Lightshaw Hall is currently in use as a private residence and is not open to the public.

==Architecture==
The building comprises a tall two-storey range, which reflects the form of the original timber-framed structure, alongside a lower two-storey wing that was added later. The brickwork features English garden wall bond and Flemish bond, with most of the masonry dating from the early 19th century. The roof is constructed from graduated stone slates.

Architectural details include casement windows, some of which are mullioned, set with stone sills and flat brick arches. A horizontally sliding sash window is located on the right return, while timber framing is visible externally only in the wall plate and two rear posts. The structure also incorporates a ridge chimney stack.

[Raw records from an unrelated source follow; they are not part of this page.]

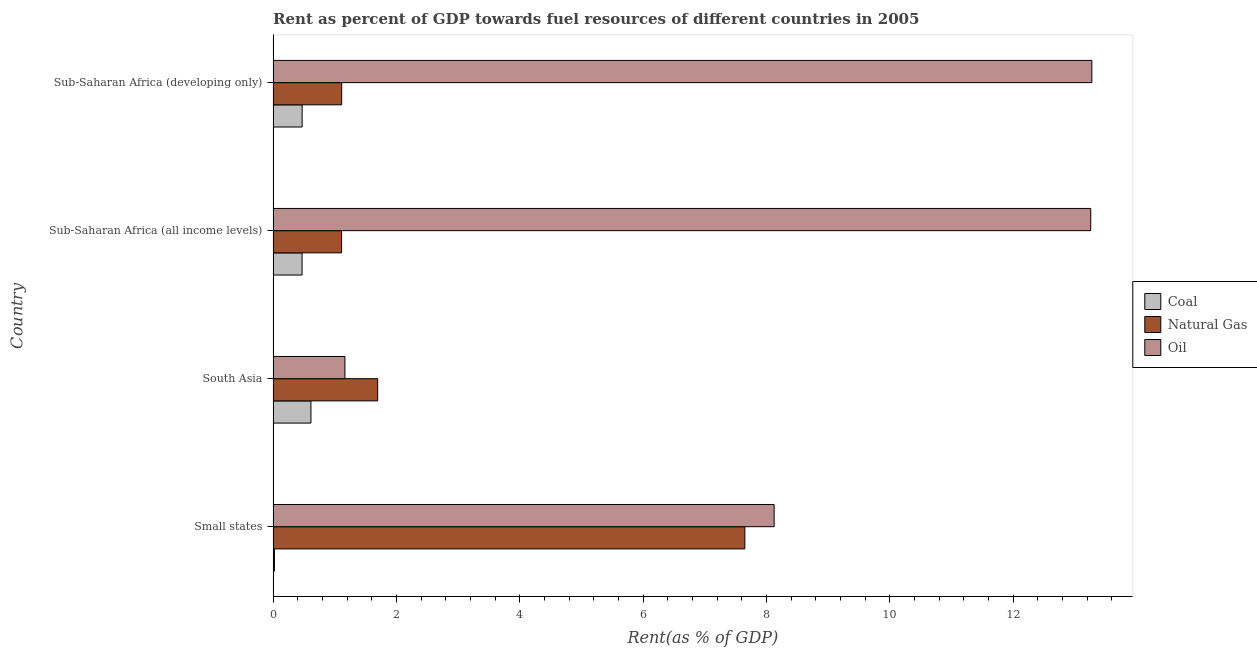How many different coloured bars are there?
Your response must be concise. 3. How many groups of bars are there?
Provide a succinct answer. 4. Are the number of bars per tick equal to the number of legend labels?
Your response must be concise. Yes. Are the number of bars on each tick of the Y-axis equal?
Give a very brief answer. Yes. How many bars are there on the 2nd tick from the top?
Ensure brevity in your answer.  3. How many bars are there on the 4th tick from the bottom?
Keep it short and to the point. 3. What is the label of the 1st group of bars from the top?
Offer a very short reply. Sub-Saharan Africa (developing only). What is the rent towards coal in Small states?
Offer a terse response. 0.02. Across all countries, what is the maximum rent towards coal?
Keep it short and to the point. 0.61. Across all countries, what is the minimum rent towards coal?
Your answer should be compact. 0.02. In which country was the rent towards oil maximum?
Provide a succinct answer. Sub-Saharan Africa (developing only). What is the total rent towards oil in the graph?
Make the answer very short. 35.83. What is the difference between the rent towards natural gas in South Asia and that in Sub-Saharan Africa (developing only)?
Your answer should be very brief. 0.58. What is the difference between the rent towards oil in Small states and the rent towards natural gas in Sub-Saharan Africa (developing only)?
Offer a terse response. 7.01. What is the average rent towards oil per country?
Keep it short and to the point. 8.96. What is the difference between the rent towards oil and rent towards natural gas in Small states?
Provide a short and direct response. 0.47. What is the ratio of the rent towards oil in South Asia to that in Sub-Saharan Africa (all income levels)?
Provide a short and direct response. 0.09. What is the difference between the highest and the second highest rent towards coal?
Provide a short and direct response. 0.14. What is the difference between the highest and the lowest rent towards oil?
Offer a terse response. 12.11. In how many countries, is the rent towards oil greater than the average rent towards oil taken over all countries?
Offer a very short reply. 2. Is the sum of the rent towards natural gas in South Asia and Sub-Saharan Africa (developing only) greater than the maximum rent towards coal across all countries?
Make the answer very short. Yes. What does the 2nd bar from the top in South Asia represents?
Ensure brevity in your answer.  Natural Gas. What does the 1st bar from the bottom in Sub-Saharan Africa (all income levels) represents?
Provide a succinct answer. Coal. Are all the bars in the graph horizontal?
Provide a succinct answer. Yes. How many countries are there in the graph?
Your response must be concise. 4. What is the difference between two consecutive major ticks on the X-axis?
Your answer should be compact. 2. Does the graph contain any zero values?
Provide a succinct answer. No. How are the legend labels stacked?
Your answer should be very brief. Vertical. What is the title of the graph?
Provide a short and direct response. Rent as percent of GDP towards fuel resources of different countries in 2005. Does "Social Protection" appear as one of the legend labels in the graph?
Ensure brevity in your answer.  No. What is the label or title of the X-axis?
Give a very brief answer. Rent(as % of GDP). What is the Rent(as % of GDP) of Coal in Small states?
Offer a very short reply. 0.02. What is the Rent(as % of GDP) of Natural Gas in Small states?
Provide a succinct answer. 7.65. What is the Rent(as % of GDP) in Oil in Small states?
Provide a succinct answer. 8.13. What is the Rent(as % of GDP) in Coal in South Asia?
Give a very brief answer. 0.61. What is the Rent(as % of GDP) of Natural Gas in South Asia?
Provide a succinct answer. 1.7. What is the Rent(as % of GDP) in Oil in South Asia?
Offer a very short reply. 1.16. What is the Rent(as % of GDP) of Coal in Sub-Saharan Africa (all income levels)?
Your answer should be very brief. 0.47. What is the Rent(as % of GDP) in Natural Gas in Sub-Saharan Africa (all income levels)?
Provide a short and direct response. 1.11. What is the Rent(as % of GDP) of Oil in Sub-Saharan Africa (all income levels)?
Your answer should be very brief. 13.26. What is the Rent(as % of GDP) of Coal in Sub-Saharan Africa (developing only)?
Provide a short and direct response. 0.47. What is the Rent(as % of GDP) in Natural Gas in Sub-Saharan Africa (developing only)?
Your response must be concise. 1.11. What is the Rent(as % of GDP) of Oil in Sub-Saharan Africa (developing only)?
Make the answer very short. 13.28. Across all countries, what is the maximum Rent(as % of GDP) in Coal?
Offer a very short reply. 0.61. Across all countries, what is the maximum Rent(as % of GDP) of Natural Gas?
Your answer should be compact. 7.65. Across all countries, what is the maximum Rent(as % of GDP) in Oil?
Your answer should be very brief. 13.28. Across all countries, what is the minimum Rent(as % of GDP) in Coal?
Provide a short and direct response. 0.02. Across all countries, what is the minimum Rent(as % of GDP) in Natural Gas?
Your response must be concise. 1.11. Across all countries, what is the minimum Rent(as % of GDP) of Oil?
Offer a very short reply. 1.16. What is the total Rent(as % of GDP) of Coal in the graph?
Offer a terse response. 1.58. What is the total Rent(as % of GDP) of Natural Gas in the graph?
Provide a short and direct response. 11.57. What is the total Rent(as % of GDP) of Oil in the graph?
Provide a succinct answer. 35.83. What is the difference between the Rent(as % of GDP) in Coal in Small states and that in South Asia?
Provide a short and direct response. -0.59. What is the difference between the Rent(as % of GDP) in Natural Gas in Small states and that in South Asia?
Your answer should be compact. 5.95. What is the difference between the Rent(as % of GDP) in Oil in Small states and that in South Asia?
Make the answer very short. 6.96. What is the difference between the Rent(as % of GDP) of Coal in Small states and that in Sub-Saharan Africa (all income levels)?
Give a very brief answer. -0.45. What is the difference between the Rent(as % of GDP) in Natural Gas in Small states and that in Sub-Saharan Africa (all income levels)?
Make the answer very short. 6.54. What is the difference between the Rent(as % of GDP) of Oil in Small states and that in Sub-Saharan Africa (all income levels)?
Offer a terse response. -5.13. What is the difference between the Rent(as % of GDP) of Coal in Small states and that in Sub-Saharan Africa (developing only)?
Provide a succinct answer. -0.45. What is the difference between the Rent(as % of GDP) in Natural Gas in Small states and that in Sub-Saharan Africa (developing only)?
Give a very brief answer. 6.54. What is the difference between the Rent(as % of GDP) in Oil in Small states and that in Sub-Saharan Africa (developing only)?
Provide a succinct answer. -5.15. What is the difference between the Rent(as % of GDP) of Coal in South Asia and that in Sub-Saharan Africa (all income levels)?
Your response must be concise. 0.14. What is the difference between the Rent(as % of GDP) in Natural Gas in South Asia and that in Sub-Saharan Africa (all income levels)?
Your response must be concise. 0.59. What is the difference between the Rent(as % of GDP) in Oil in South Asia and that in Sub-Saharan Africa (all income levels)?
Your answer should be very brief. -12.1. What is the difference between the Rent(as % of GDP) of Coal in South Asia and that in Sub-Saharan Africa (developing only)?
Keep it short and to the point. 0.14. What is the difference between the Rent(as % of GDP) in Natural Gas in South Asia and that in Sub-Saharan Africa (developing only)?
Offer a very short reply. 0.58. What is the difference between the Rent(as % of GDP) of Oil in South Asia and that in Sub-Saharan Africa (developing only)?
Provide a short and direct response. -12.11. What is the difference between the Rent(as % of GDP) of Coal in Sub-Saharan Africa (all income levels) and that in Sub-Saharan Africa (developing only)?
Provide a succinct answer. -0. What is the difference between the Rent(as % of GDP) in Natural Gas in Sub-Saharan Africa (all income levels) and that in Sub-Saharan Africa (developing only)?
Your answer should be very brief. -0. What is the difference between the Rent(as % of GDP) in Oil in Sub-Saharan Africa (all income levels) and that in Sub-Saharan Africa (developing only)?
Keep it short and to the point. -0.02. What is the difference between the Rent(as % of GDP) of Coal in Small states and the Rent(as % of GDP) of Natural Gas in South Asia?
Keep it short and to the point. -1.67. What is the difference between the Rent(as % of GDP) of Coal in Small states and the Rent(as % of GDP) of Oil in South Asia?
Your answer should be very brief. -1.14. What is the difference between the Rent(as % of GDP) of Natural Gas in Small states and the Rent(as % of GDP) of Oil in South Asia?
Offer a very short reply. 6.49. What is the difference between the Rent(as % of GDP) in Coal in Small states and the Rent(as % of GDP) in Natural Gas in Sub-Saharan Africa (all income levels)?
Provide a short and direct response. -1.09. What is the difference between the Rent(as % of GDP) of Coal in Small states and the Rent(as % of GDP) of Oil in Sub-Saharan Africa (all income levels)?
Provide a short and direct response. -13.24. What is the difference between the Rent(as % of GDP) of Natural Gas in Small states and the Rent(as % of GDP) of Oil in Sub-Saharan Africa (all income levels)?
Your response must be concise. -5.61. What is the difference between the Rent(as % of GDP) of Coal in Small states and the Rent(as % of GDP) of Natural Gas in Sub-Saharan Africa (developing only)?
Your answer should be very brief. -1.09. What is the difference between the Rent(as % of GDP) in Coal in Small states and the Rent(as % of GDP) in Oil in Sub-Saharan Africa (developing only)?
Offer a terse response. -13.26. What is the difference between the Rent(as % of GDP) in Natural Gas in Small states and the Rent(as % of GDP) in Oil in Sub-Saharan Africa (developing only)?
Offer a terse response. -5.63. What is the difference between the Rent(as % of GDP) of Coal in South Asia and the Rent(as % of GDP) of Natural Gas in Sub-Saharan Africa (all income levels)?
Give a very brief answer. -0.5. What is the difference between the Rent(as % of GDP) of Coal in South Asia and the Rent(as % of GDP) of Oil in Sub-Saharan Africa (all income levels)?
Give a very brief answer. -12.65. What is the difference between the Rent(as % of GDP) in Natural Gas in South Asia and the Rent(as % of GDP) in Oil in Sub-Saharan Africa (all income levels)?
Your response must be concise. -11.56. What is the difference between the Rent(as % of GDP) in Coal in South Asia and the Rent(as % of GDP) in Natural Gas in Sub-Saharan Africa (developing only)?
Provide a succinct answer. -0.5. What is the difference between the Rent(as % of GDP) in Coal in South Asia and the Rent(as % of GDP) in Oil in Sub-Saharan Africa (developing only)?
Make the answer very short. -12.66. What is the difference between the Rent(as % of GDP) in Natural Gas in South Asia and the Rent(as % of GDP) in Oil in Sub-Saharan Africa (developing only)?
Offer a terse response. -11.58. What is the difference between the Rent(as % of GDP) of Coal in Sub-Saharan Africa (all income levels) and the Rent(as % of GDP) of Natural Gas in Sub-Saharan Africa (developing only)?
Offer a terse response. -0.64. What is the difference between the Rent(as % of GDP) of Coal in Sub-Saharan Africa (all income levels) and the Rent(as % of GDP) of Oil in Sub-Saharan Africa (developing only)?
Give a very brief answer. -12.81. What is the difference between the Rent(as % of GDP) in Natural Gas in Sub-Saharan Africa (all income levels) and the Rent(as % of GDP) in Oil in Sub-Saharan Africa (developing only)?
Offer a terse response. -12.17. What is the average Rent(as % of GDP) in Coal per country?
Make the answer very short. 0.39. What is the average Rent(as % of GDP) in Natural Gas per country?
Your response must be concise. 2.89. What is the average Rent(as % of GDP) of Oil per country?
Your answer should be very brief. 8.96. What is the difference between the Rent(as % of GDP) in Coal and Rent(as % of GDP) in Natural Gas in Small states?
Ensure brevity in your answer.  -7.63. What is the difference between the Rent(as % of GDP) of Coal and Rent(as % of GDP) of Oil in Small states?
Offer a very short reply. -8.1. What is the difference between the Rent(as % of GDP) in Natural Gas and Rent(as % of GDP) in Oil in Small states?
Provide a short and direct response. -0.47. What is the difference between the Rent(as % of GDP) of Coal and Rent(as % of GDP) of Natural Gas in South Asia?
Your answer should be very brief. -1.08. What is the difference between the Rent(as % of GDP) in Coal and Rent(as % of GDP) in Oil in South Asia?
Provide a succinct answer. -0.55. What is the difference between the Rent(as % of GDP) in Natural Gas and Rent(as % of GDP) in Oil in South Asia?
Your answer should be compact. 0.53. What is the difference between the Rent(as % of GDP) of Coal and Rent(as % of GDP) of Natural Gas in Sub-Saharan Africa (all income levels)?
Offer a very short reply. -0.64. What is the difference between the Rent(as % of GDP) in Coal and Rent(as % of GDP) in Oil in Sub-Saharan Africa (all income levels)?
Provide a short and direct response. -12.79. What is the difference between the Rent(as % of GDP) in Natural Gas and Rent(as % of GDP) in Oil in Sub-Saharan Africa (all income levels)?
Keep it short and to the point. -12.15. What is the difference between the Rent(as % of GDP) of Coal and Rent(as % of GDP) of Natural Gas in Sub-Saharan Africa (developing only)?
Offer a very short reply. -0.64. What is the difference between the Rent(as % of GDP) of Coal and Rent(as % of GDP) of Oil in Sub-Saharan Africa (developing only)?
Ensure brevity in your answer.  -12.81. What is the difference between the Rent(as % of GDP) of Natural Gas and Rent(as % of GDP) of Oil in Sub-Saharan Africa (developing only)?
Your answer should be compact. -12.17. What is the ratio of the Rent(as % of GDP) in Coal in Small states to that in South Asia?
Give a very brief answer. 0.04. What is the ratio of the Rent(as % of GDP) in Natural Gas in Small states to that in South Asia?
Your answer should be very brief. 4.51. What is the ratio of the Rent(as % of GDP) of Oil in Small states to that in South Asia?
Keep it short and to the point. 6.98. What is the ratio of the Rent(as % of GDP) of Coal in Small states to that in Sub-Saharan Africa (all income levels)?
Offer a very short reply. 0.05. What is the ratio of the Rent(as % of GDP) of Natural Gas in Small states to that in Sub-Saharan Africa (all income levels)?
Ensure brevity in your answer.  6.89. What is the ratio of the Rent(as % of GDP) of Oil in Small states to that in Sub-Saharan Africa (all income levels)?
Offer a very short reply. 0.61. What is the ratio of the Rent(as % of GDP) of Coal in Small states to that in Sub-Saharan Africa (developing only)?
Make the answer very short. 0.05. What is the ratio of the Rent(as % of GDP) of Natural Gas in Small states to that in Sub-Saharan Africa (developing only)?
Your answer should be very brief. 6.88. What is the ratio of the Rent(as % of GDP) in Oil in Small states to that in Sub-Saharan Africa (developing only)?
Keep it short and to the point. 0.61. What is the ratio of the Rent(as % of GDP) of Coal in South Asia to that in Sub-Saharan Africa (all income levels)?
Keep it short and to the point. 1.31. What is the ratio of the Rent(as % of GDP) in Natural Gas in South Asia to that in Sub-Saharan Africa (all income levels)?
Your answer should be very brief. 1.53. What is the ratio of the Rent(as % of GDP) in Oil in South Asia to that in Sub-Saharan Africa (all income levels)?
Keep it short and to the point. 0.09. What is the ratio of the Rent(as % of GDP) of Coal in South Asia to that in Sub-Saharan Africa (developing only)?
Give a very brief answer. 1.3. What is the ratio of the Rent(as % of GDP) in Natural Gas in South Asia to that in Sub-Saharan Africa (developing only)?
Your answer should be compact. 1.52. What is the ratio of the Rent(as % of GDP) in Oil in South Asia to that in Sub-Saharan Africa (developing only)?
Give a very brief answer. 0.09. What is the ratio of the Rent(as % of GDP) in Oil in Sub-Saharan Africa (all income levels) to that in Sub-Saharan Africa (developing only)?
Offer a terse response. 1. What is the difference between the highest and the second highest Rent(as % of GDP) in Coal?
Offer a terse response. 0.14. What is the difference between the highest and the second highest Rent(as % of GDP) of Natural Gas?
Make the answer very short. 5.95. What is the difference between the highest and the second highest Rent(as % of GDP) of Oil?
Provide a succinct answer. 0.02. What is the difference between the highest and the lowest Rent(as % of GDP) of Coal?
Your response must be concise. 0.59. What is the difference between the highest and the lowest Rent(as % of GDP) of Natural Gas?
Ensure brevity in your answer.  6.54. What is the difference between the highest and the lowest Rent(as % of GDP) in Oil?
Give a very brief answer. 12.11.

Internally, Lightshaw Hall retains two Gothic-moulded beams and roof trusses with braced and cusped members. These elements represent surviving examples of early construction techniques within the building.

==Location==
The hall lies close to Lightshaw Meadows, an area of open countryside comprising wetlands within the Abram Flashes. The landscape developed over many years as a result of mining subsidence, associated with the region's industrial activity. The site covers approximately 18 ha, of which 13 ha have been designated as a Site of Special Scientific Interest (SSSI). In recent decades, the condition of the SSSI has been assessed by Natural England as "unfavourable."

In recent years, Community Forest North West and the Lancashire Wildlife Trust have carried out restoration work aimed at returning the site to "favourable" condition and improving habitats for species such as yellow wagtail, lapwing, willow tit, bats, water voles, and various invertebrates.